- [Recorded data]
++++++++++++++++++++

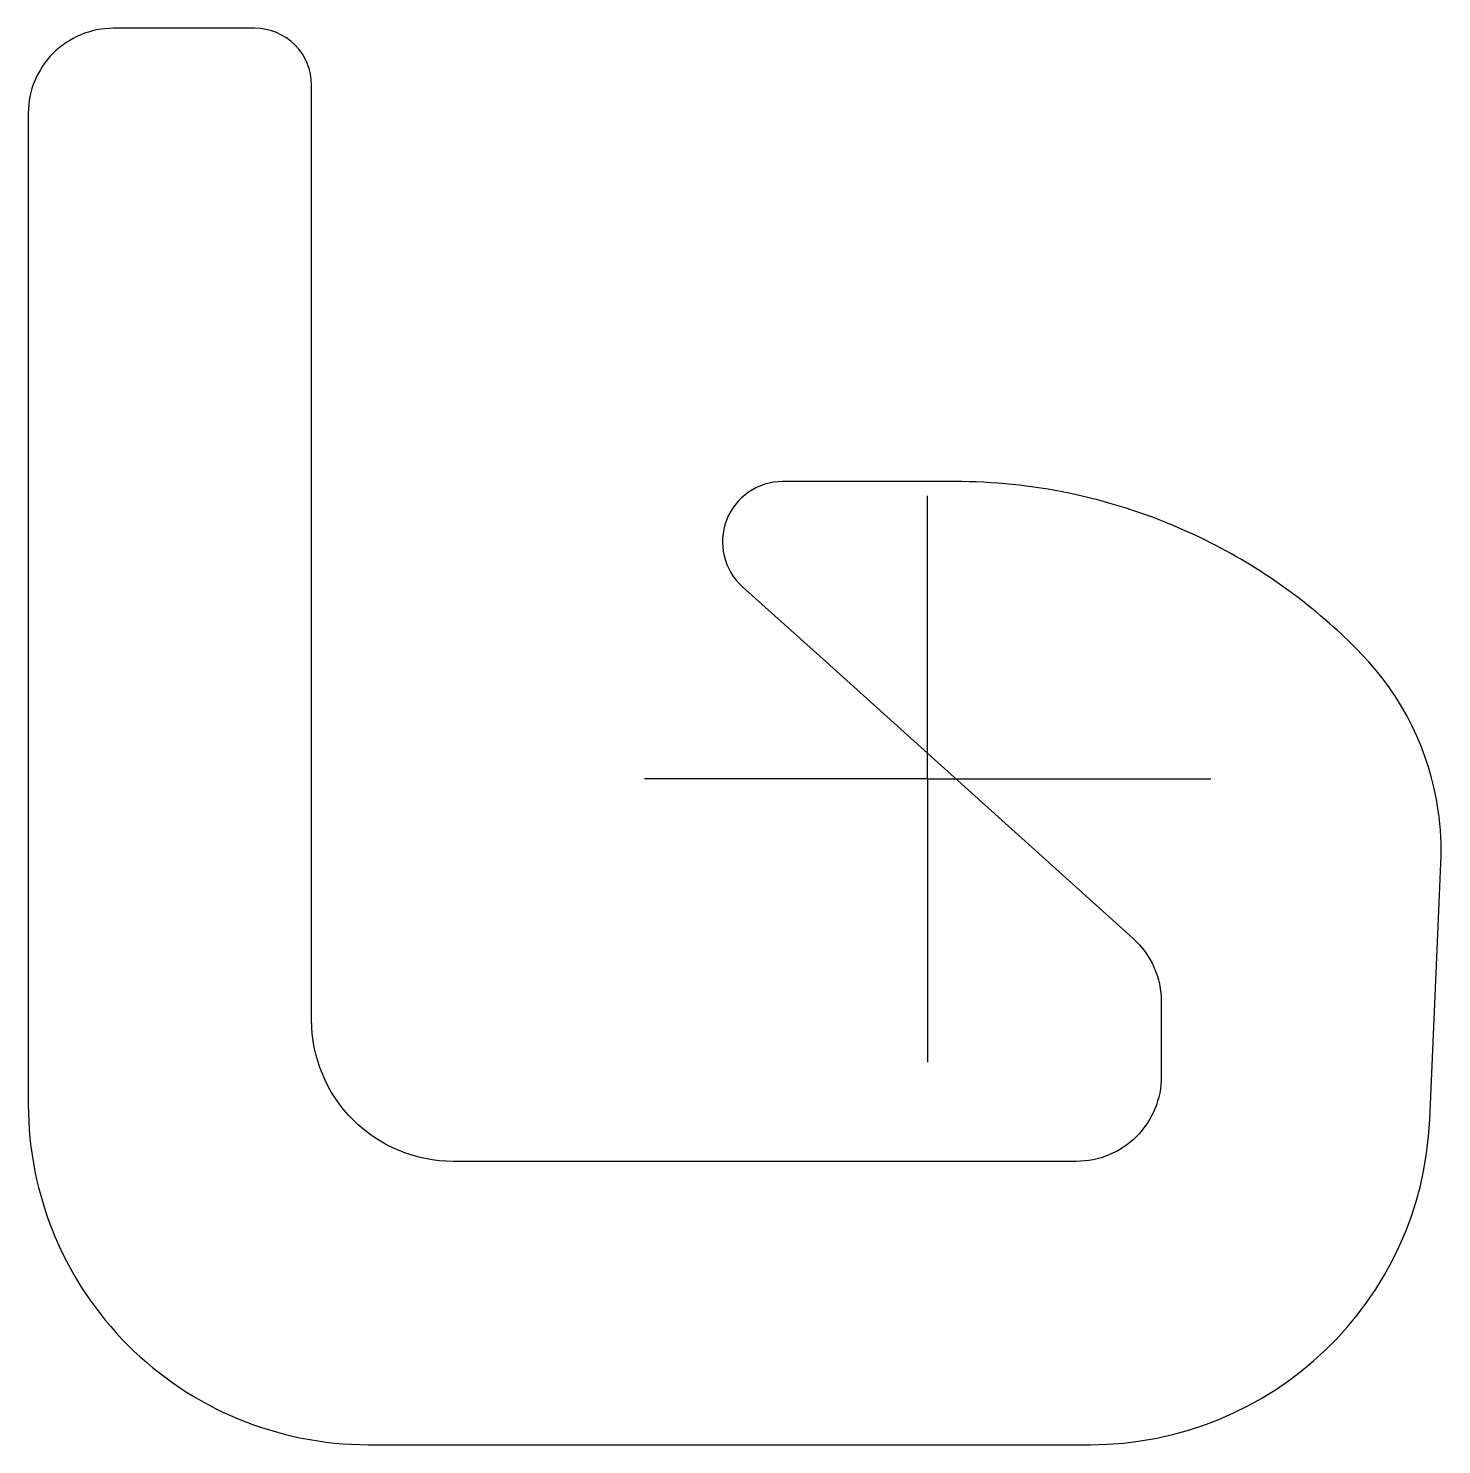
# Model space of a CAD drawing. Header units: millimetres. Extents: x -31.8 to 18.1, y -23.5 to 26.5.
import ezdxf

# ---------------------------------------------------------------- set-up
doc = ezdxf.new("R2010")
doc.units = ezdxf.units.MM
doc.layers.add('ref', color=4, linetype='Continuous')

# ---------------------------------------------------------------- blocks, each defined once
blk = doc.blocks.new('C9')
blk.add_lwpolyline([(-28.75, 26.5, 0.414214), (-31.75, 23.5), (-31.75, -11.5, 0.414214), (-19.75, -23.5), (5.739, -23.5, 0.401544), (17.727, -12.021), (18.06, -4.381), (18.121, -2.974, 0.046783), (18.027, -1.109, 0.157879), (15.31, 4.421, 0.016968), (14.333, 5.363, 0.081454), (8.885, 8.859, 0.10234), (0.95, 10.5), (-0.615, 10.5), (-1.283, 10.5), (-5.113, 10.5, 0.687281), (-6.538, 6.787), (-3.692, 4.225), (7.257, -5.634, -0.212557), (8.25, -7.864), (8.25, -10.5, -0.414214), (5.25, -13.5), (-16.75, -13.5, -0.414214), (-21.75, -8.5), (-21.75, 24.5, 0.414214), (-23.75, 26.5)], format="xyb", close=True)
at = {"layer": 'ref'}
for q in [(0, 10), (-10, 0), (0, -10), (10, 0)]:
    blk.add_line((0, 0), q, dxfattribs=at)

msp = doc.modelspace()

# ---------------------------------------------------------------- block references
msp.add_blockref('C9', (0, 0))

doc.saveas('drawing.dxf')

++++++++++++++++++++

- [PROBLEM TO SOLVE] Copy the records above exactly, omitting every picture.

- [RESPONSE]
# Model space of a CAD drawing. Header units: millimetres. Extents: x -31.8 to 18.1, y -23.5 to 26.5.
import ezdxf

# ---------------------------------------------------------------- set-up
doc = ezdxf.new("R2010")
doc.units = ezdxf.units.MM
doc.layers.add('ref', color=4, linetype='Continuous')

# ---------------------------------------------------------------- blocks, each defined once
blk = doc.blocks.new('C9')
blk.add_lwpolyline([(-28.75, 26.5, 0.414214), (-31.75, 23.5), (-31.75, -11.5, 0.414214), (-19.75, -23.5), (5.739, -23.5, 0.401544), (17.727, -12.021), (18.06, -4.381), (18.121, -2.974, 0.046783), (18.027, -1.109, 0.157879), (15.31, 4.421, 0.016968), (14.333, 5.363, 0.081454), (8.885, 8.859, 0.10234), (0.95, 10.5), (-0.615, 10.5), (-1.283, 10.5), (-5.113, 10.5, 0.687281), (-6.538, 6.787), (-3.692, 4.225), (7.257, -5.634, -0.212557), (8.25, -7.864), (8.25, -10.5, -0.414214), (5.25, -13.5), (-16.75, -13.5, -0.414214), (-21.75, -8.5), (-21.75, 24.5, 0.414214), (-23.75, 26.5)], format="xyb", close=True)
at = {"layer": 'ref'}
for q in [(0, 10), (-10, 0), (0, -10), (10, 0)]:
    blk.add_line((0, 0), q, dxfattribs=at)

msp = doc.modelspace()

# ---------------------------------------------------------------- block references
msp.add_blockref('C9', (0, 0))

doc.saveas('drawing.dxf')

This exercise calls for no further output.